**** RECORDS PROVIDED ****

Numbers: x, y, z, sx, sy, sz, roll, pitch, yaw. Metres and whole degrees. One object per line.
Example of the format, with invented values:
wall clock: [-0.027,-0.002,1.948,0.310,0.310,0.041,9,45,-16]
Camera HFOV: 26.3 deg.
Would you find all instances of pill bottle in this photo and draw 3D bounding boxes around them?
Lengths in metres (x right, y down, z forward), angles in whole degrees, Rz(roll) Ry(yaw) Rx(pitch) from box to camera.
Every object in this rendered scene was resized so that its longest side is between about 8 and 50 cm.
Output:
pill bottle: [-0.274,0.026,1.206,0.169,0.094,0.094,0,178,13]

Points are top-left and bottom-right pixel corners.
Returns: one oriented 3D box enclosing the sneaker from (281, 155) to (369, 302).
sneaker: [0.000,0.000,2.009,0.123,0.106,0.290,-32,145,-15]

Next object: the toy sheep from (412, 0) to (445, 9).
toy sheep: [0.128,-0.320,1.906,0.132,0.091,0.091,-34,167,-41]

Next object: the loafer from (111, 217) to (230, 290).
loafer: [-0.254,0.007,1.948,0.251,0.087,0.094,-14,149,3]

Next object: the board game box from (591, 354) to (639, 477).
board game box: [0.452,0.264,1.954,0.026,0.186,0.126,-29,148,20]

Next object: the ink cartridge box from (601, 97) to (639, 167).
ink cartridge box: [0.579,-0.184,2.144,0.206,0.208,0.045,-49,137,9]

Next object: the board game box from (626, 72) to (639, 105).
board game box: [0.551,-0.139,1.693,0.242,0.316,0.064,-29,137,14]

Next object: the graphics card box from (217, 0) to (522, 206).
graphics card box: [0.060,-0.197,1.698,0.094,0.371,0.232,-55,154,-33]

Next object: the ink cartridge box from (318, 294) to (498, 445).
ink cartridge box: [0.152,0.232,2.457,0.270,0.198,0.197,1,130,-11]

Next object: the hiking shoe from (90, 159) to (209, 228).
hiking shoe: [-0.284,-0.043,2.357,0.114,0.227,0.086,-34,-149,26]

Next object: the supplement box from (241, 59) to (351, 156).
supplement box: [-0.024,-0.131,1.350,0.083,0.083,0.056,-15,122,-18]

****
**** RECORDS PROVIDED ****

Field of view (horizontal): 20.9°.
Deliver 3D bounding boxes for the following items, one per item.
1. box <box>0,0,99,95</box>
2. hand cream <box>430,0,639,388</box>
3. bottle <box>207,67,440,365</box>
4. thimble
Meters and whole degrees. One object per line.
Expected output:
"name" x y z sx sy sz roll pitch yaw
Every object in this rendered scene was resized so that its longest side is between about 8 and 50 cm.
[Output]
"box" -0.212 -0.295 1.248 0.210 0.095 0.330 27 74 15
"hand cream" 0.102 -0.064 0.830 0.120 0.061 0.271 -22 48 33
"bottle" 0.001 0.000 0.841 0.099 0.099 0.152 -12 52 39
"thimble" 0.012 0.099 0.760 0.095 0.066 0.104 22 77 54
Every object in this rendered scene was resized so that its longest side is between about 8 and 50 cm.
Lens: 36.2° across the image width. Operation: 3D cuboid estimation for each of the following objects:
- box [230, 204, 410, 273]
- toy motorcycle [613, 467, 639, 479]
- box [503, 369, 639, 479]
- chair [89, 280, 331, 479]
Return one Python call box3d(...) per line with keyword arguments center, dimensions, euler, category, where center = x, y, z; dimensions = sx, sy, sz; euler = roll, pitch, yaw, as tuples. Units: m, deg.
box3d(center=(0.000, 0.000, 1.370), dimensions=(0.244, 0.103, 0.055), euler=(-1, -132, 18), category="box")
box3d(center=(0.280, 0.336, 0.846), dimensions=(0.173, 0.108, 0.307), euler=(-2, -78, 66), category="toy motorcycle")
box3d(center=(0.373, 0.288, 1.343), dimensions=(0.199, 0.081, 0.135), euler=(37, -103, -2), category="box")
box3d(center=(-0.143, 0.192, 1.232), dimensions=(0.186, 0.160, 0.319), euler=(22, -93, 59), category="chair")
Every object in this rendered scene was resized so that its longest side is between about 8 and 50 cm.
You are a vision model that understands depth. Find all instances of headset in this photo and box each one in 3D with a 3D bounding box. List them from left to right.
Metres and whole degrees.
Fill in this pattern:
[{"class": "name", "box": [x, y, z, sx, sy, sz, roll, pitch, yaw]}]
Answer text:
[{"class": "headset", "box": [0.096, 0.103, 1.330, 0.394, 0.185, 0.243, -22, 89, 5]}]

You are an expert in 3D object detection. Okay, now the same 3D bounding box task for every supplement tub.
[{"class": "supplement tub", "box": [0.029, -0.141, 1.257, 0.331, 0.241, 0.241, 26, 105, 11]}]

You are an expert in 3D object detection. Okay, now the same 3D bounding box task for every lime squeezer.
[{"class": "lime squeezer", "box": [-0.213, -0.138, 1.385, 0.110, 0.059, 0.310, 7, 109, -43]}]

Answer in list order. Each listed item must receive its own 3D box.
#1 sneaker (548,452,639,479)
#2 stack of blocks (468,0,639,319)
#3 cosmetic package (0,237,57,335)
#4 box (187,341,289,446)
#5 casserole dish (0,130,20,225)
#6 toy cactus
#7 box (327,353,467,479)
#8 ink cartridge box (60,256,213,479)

****

WORK REQUIRED
Wherever the word "item" appears in the entries above, copy that line.

WRITTEN REPLY
Deliver 3D bounding boxes for the following items, one per item.
Answer in list order. Each listed item must receive its own 3D box.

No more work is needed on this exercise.